=== Section Start ===

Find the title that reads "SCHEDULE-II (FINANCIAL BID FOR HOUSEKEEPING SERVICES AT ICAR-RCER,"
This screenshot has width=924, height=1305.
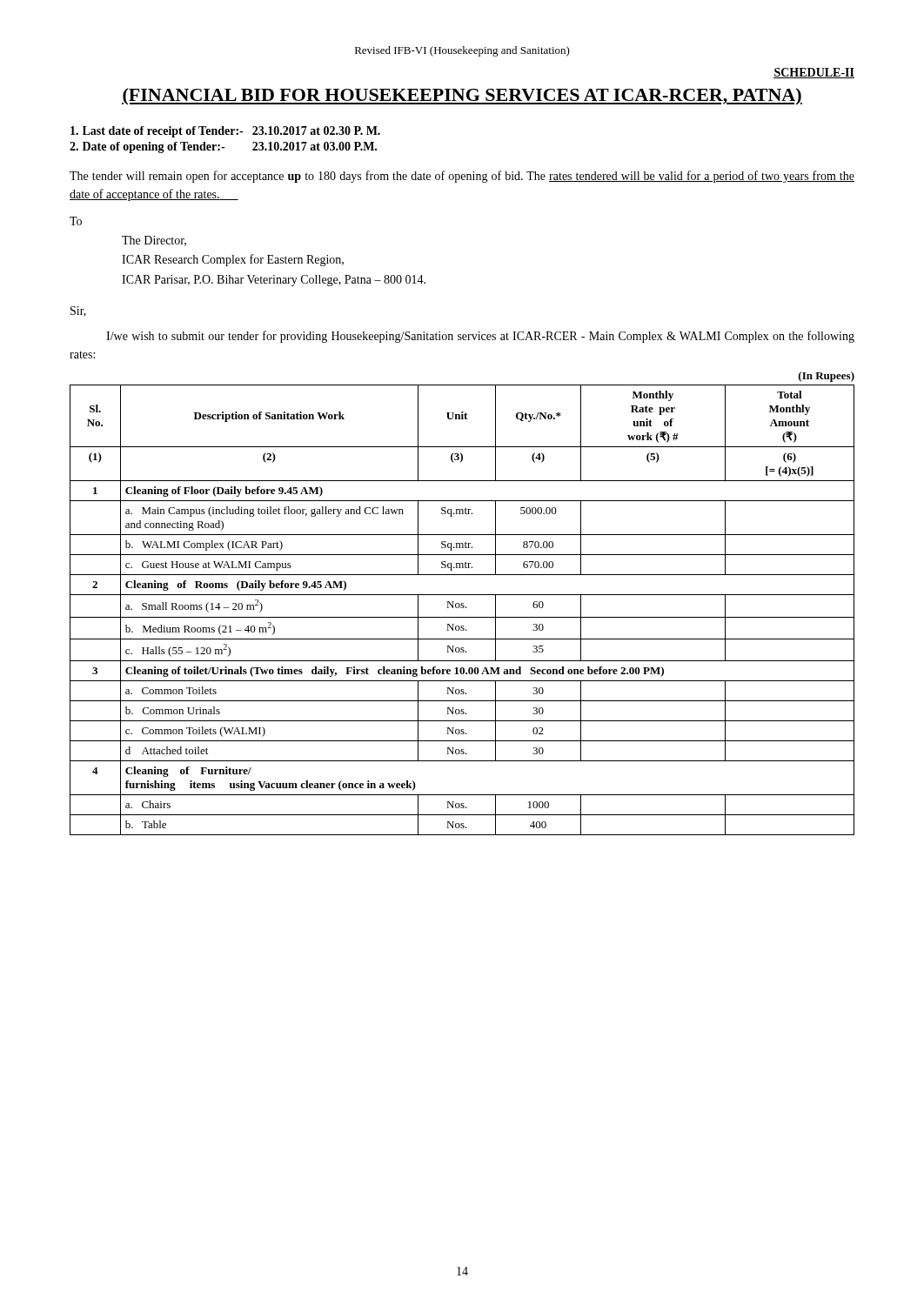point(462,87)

=== Section End ===
=== Section Start ===

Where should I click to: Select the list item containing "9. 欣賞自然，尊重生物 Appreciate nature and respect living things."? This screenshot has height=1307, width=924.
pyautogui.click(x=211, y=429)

=== Section End ===
=== Section Start ===

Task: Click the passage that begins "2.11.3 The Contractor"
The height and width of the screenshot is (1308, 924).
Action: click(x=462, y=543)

=== Section End ===

> **What you are asked to do**:
Please copy each line of the entries in which the word "that" shows up.

> **Result for this task**:
Find the title that reads "SCHEDULE-II (FINANCIAL BID FOR HOUSEKEEPING SERVICES AT ICAR-RCER,"
Task: Click the passage that begins "2.11.3 The Contractor"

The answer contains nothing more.